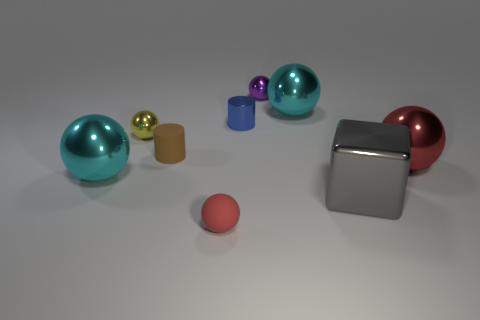What is the material of the tiny thing that is in front of the big cyan metal sphere in front of the small cylinder in front of the metallic cylinder? The material of the small object in front of the big cyan metal sphere, which itself is in front of a small cylinder and a metallic cylinder, appears to be rubber based on its matte texture and size that suggests it could be a small rubber ball. 
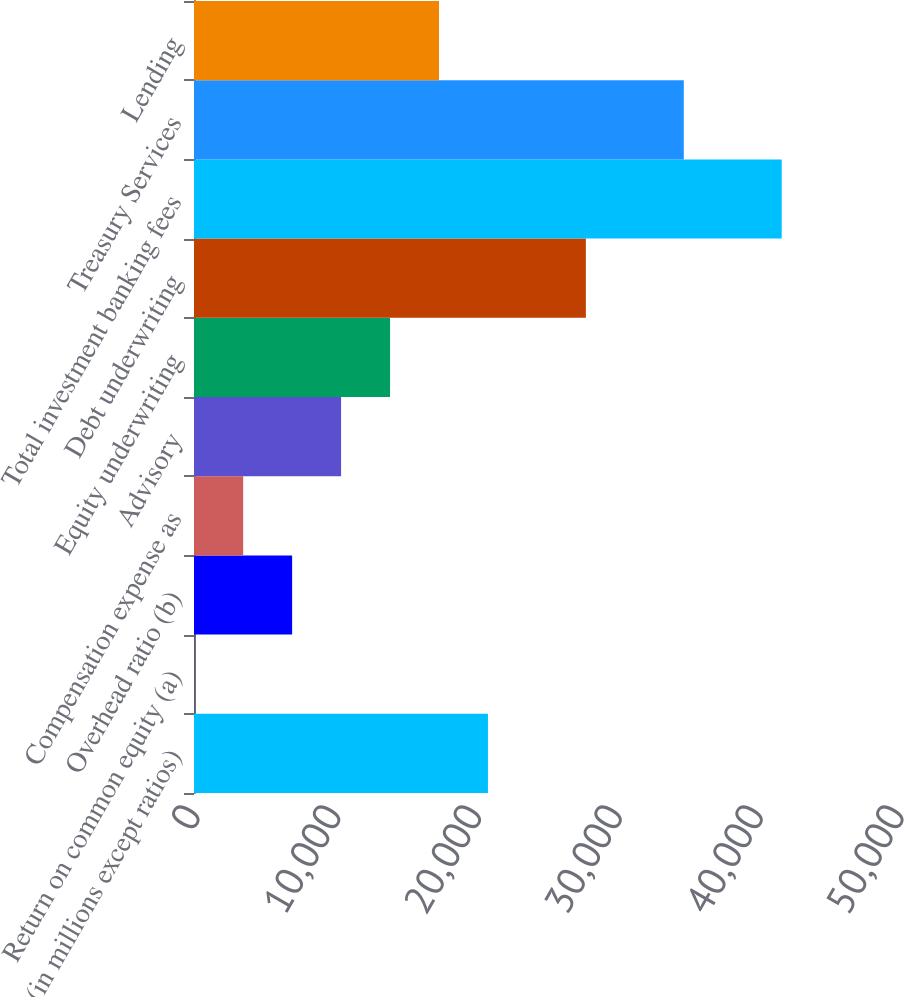Convert chart to OTSL. <chart><loc_0><loc_0><loc_500><loc_500><bar_chart><fcel>(in millions except ratios)<fcel>Return on common equity (a)<fcel>Overhead ratio (b)<fcel>Compensation expense as<fcel>Advisory<fcel>Equity underwriting<fcel>Debt underwriting<fcel>Total investment banking fees<fcel>Treasury Services<fcel>Lending<nl><fcel>20877.6<fcel>15<fcel>6969.2<fcel>3492.1<fcel>10446.3<fcel>13923.4<fcel>27831.8<fcel>41740.2<fcel>34786<fcel>17400.5<nl></chart> 
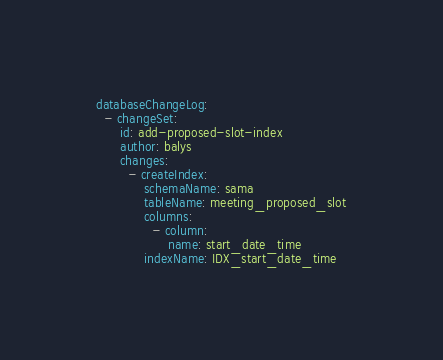<code> <loc_0><loc_0><loc_500><loc_500><_YAML_>databaseChangeLog:
  - changeSet:
      id: add-proposed-slot-index
      author: balys
      changes:
        - createIndex:
            schemaName: sama
            tableName: meeting_proposed_slot
            columns:
              - column:
                  name: start_date_time
            indexName: IDX_start_date_time
</code> 
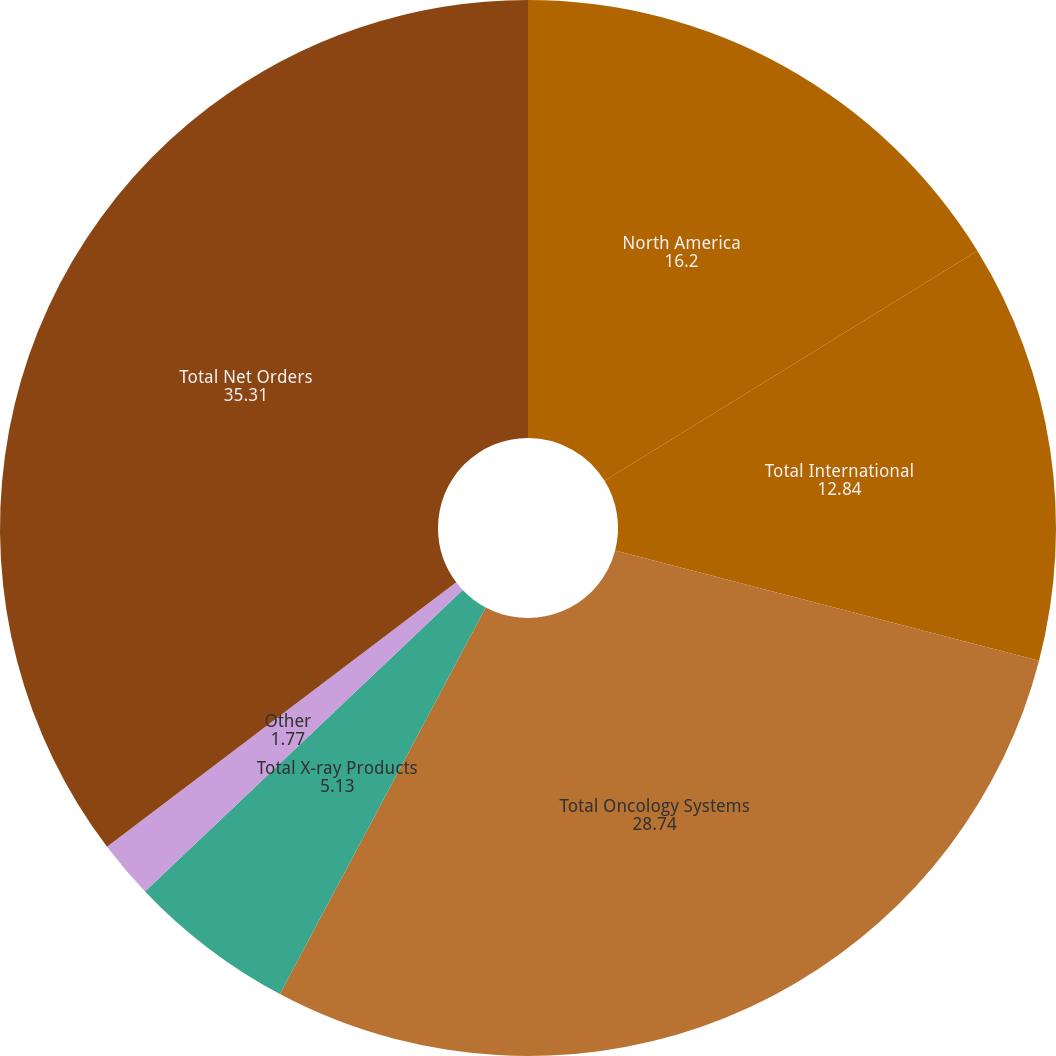<chart> <loc_0><loc_0><loc_500><loc_500><pie_chart><fcel>North America<fcel>Total International<fcel>Total Oncology Systems<fcel>Total X-ray Products<fcel>Other<fcel>Total Net Orders<nl><fcel>16.2%<fcel>12.84%<fcel>28.74%<fcel>5.13%<fcel>1.77%<fcel>35.31%<nl></chart> 
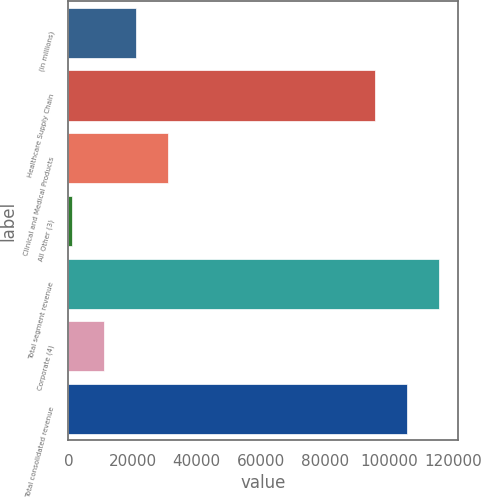Convert chart. <chart><loc_0><loc_0><loc_500><loc_500><bar_chart><fcel>(in millions)<fcel>Healthcare Supply Chain<fcel>Clinical and Medical Products<fcel>All Other (3)<fcel>Total segment revenue<fcel>Corporate (4)<fcel>Total consolidated revenue<nl><fcel>21079.6<fcel>95717.9<fcel>31110.2<fcel>1018.3<fcel>115779<fcel>11048.9<fcel>105749<nl></chart> 
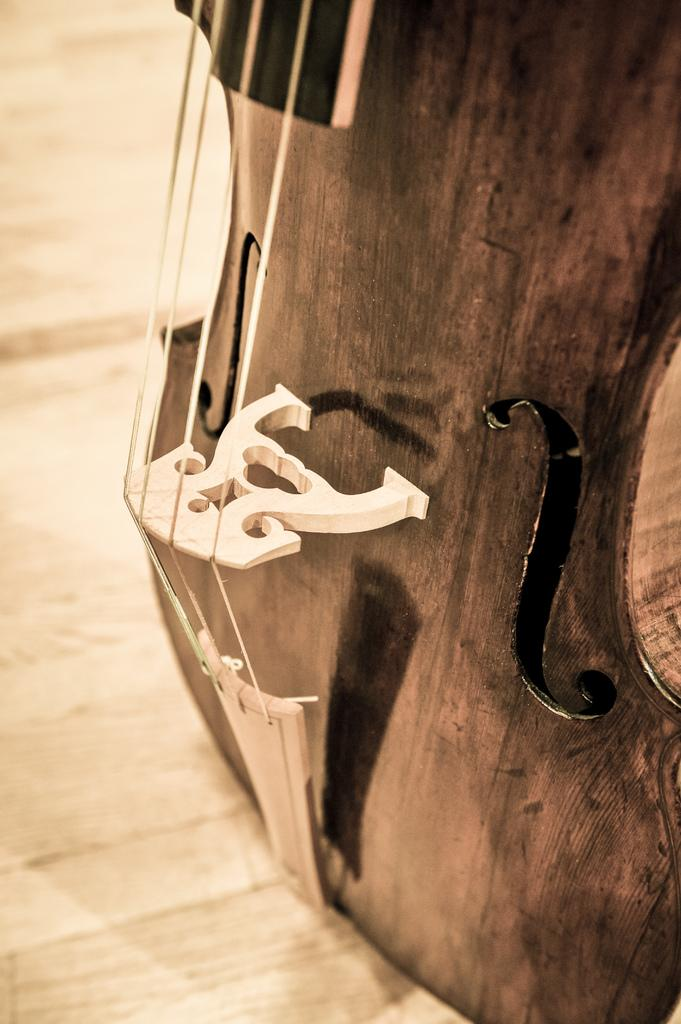What musical instrument is partially visible in the image? There is a part of a guitar in the image. What are the guitar's strings used for? The guitar's strings are used for playing music. On what surface is the guitar placed? The guitar is placed on a wooden surface. Where is the stove located in the image? There is no stove present in the image. What type of alley is visible in the image? There is no alley present in the image. 
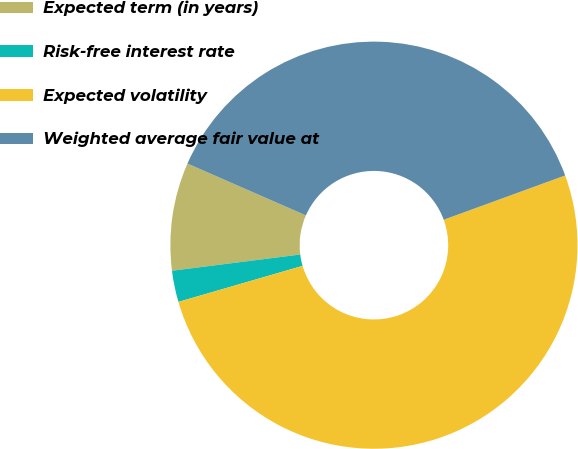<chart> <loc_0><loc_0><loc_500><loc_500><pie_chart><fcel>Expected term (in years)<fcel>Risk-free interest rate<fcel>Expected volatility<fcel>Weighted average fair value at<nl><fcel>8.57%<fcel>2.49%<fcel>51.07%<fcel>37.87%<nl></chart>

# # # #

** WHAT IS EXPECTED **
When copying the entries, drop the images and keep every line exact.

** SOLVED PROBLEM **
What is the material of the tiny thing that is in front of the big cyan metal sphere in front of the small cylinder in front of the metallic cylinder? The material of the small object in front of the big cyan metal sphere, which itself is in front of a small cylinder and a metallic cylinder, appears to be rubber based on its matte texture and size that suggests it could be a small rubber ball. 
Convert chart to OTSL. <chart><loc_0><loc_0><loc_500><loc_500><bar_chart><fcel>(in millions except ratios)<fcel>Return on common equity (a)<fcel>Overhead ratio (b)<fcel>Compensation expense as<fcel>Advisory<fcel>Equity underwriting<fcel>Debt underwriting<fcel>Total investment banking fees<fcel>Treasury Services<fcel>Lending<nl><fcel>20877.6<fcel>15<fcel>6969.2<fcel>3492.1<fcel>10446.3<fcel>13923.4<fcel>27831.8<fcel>41740.2<fcel>34786<fcel>17400.5<nl></chart> 
<code> <loc_0><loc_0><loc_500><loc_500><_YAML_>databaseChangeLog:
  - changeSet:
      id: add-proposed-slot-index
      author: balys
      changes:
        - createIndex:
            schemaName: sama
            tableName: meeting_proposed_slot
            columns:
              - column:
                  name: start_date_time
            indexName: IDX_start_date_time
</code> 
<chart> <loc_0><loc_0><loc_500><loc_500><pie_chart><fcel>North America<fcel>Total International<fcel>Total Oncology Systems<fcel>Total X-ray Products<fcel>Other<fcel>Total Net Orders<nl><fcel>16.2%<fcel>12.84%<fcel>28.74%<fcel>5.13%<fcel>1.77%<fcel>35.31%<nl></chart> 
Convert chart. <chart><loc_0><loc_0><loc_500><loc_500><bar_chart><fcel>(in millions)<fcel>Healthcare Supply Chain<fcel>Clinical and Medical Products<fcel>All Other (3)<fcel>Total segment revenue<fcel>Corporate (4)<fcel>Total consolidated revenue<nl><fcel>21079.6<fcel>95717.9<fcel>31110.2<fcel>1018.3<fcel>115779<fcel>11048.9<fcel>105749<nl></chart> 
What musical instrument is partially visible in the image? There is a part of a guitar in the image. What are the guitar's strings used for? The guitar's strings are used for playing music. On what surface is the guitar placed? The guitar is placed on a wooden surface. Where is the stove located in the image? There is no stove present in the image. What type of alley is visible in the image? There is no alley present in the image. 
<chart> <loc_0><loc_0><loc_500><loc_500><pie_chart><fcel>Expected term (in years)<fcel>Risk-free interest rate<fcel>Expected volatility<fcel>Weighted average fair value at<nl><fcel>8.57%<fcel>2.49%<fcel>51.07%<fcel>37.87%<nl></chart>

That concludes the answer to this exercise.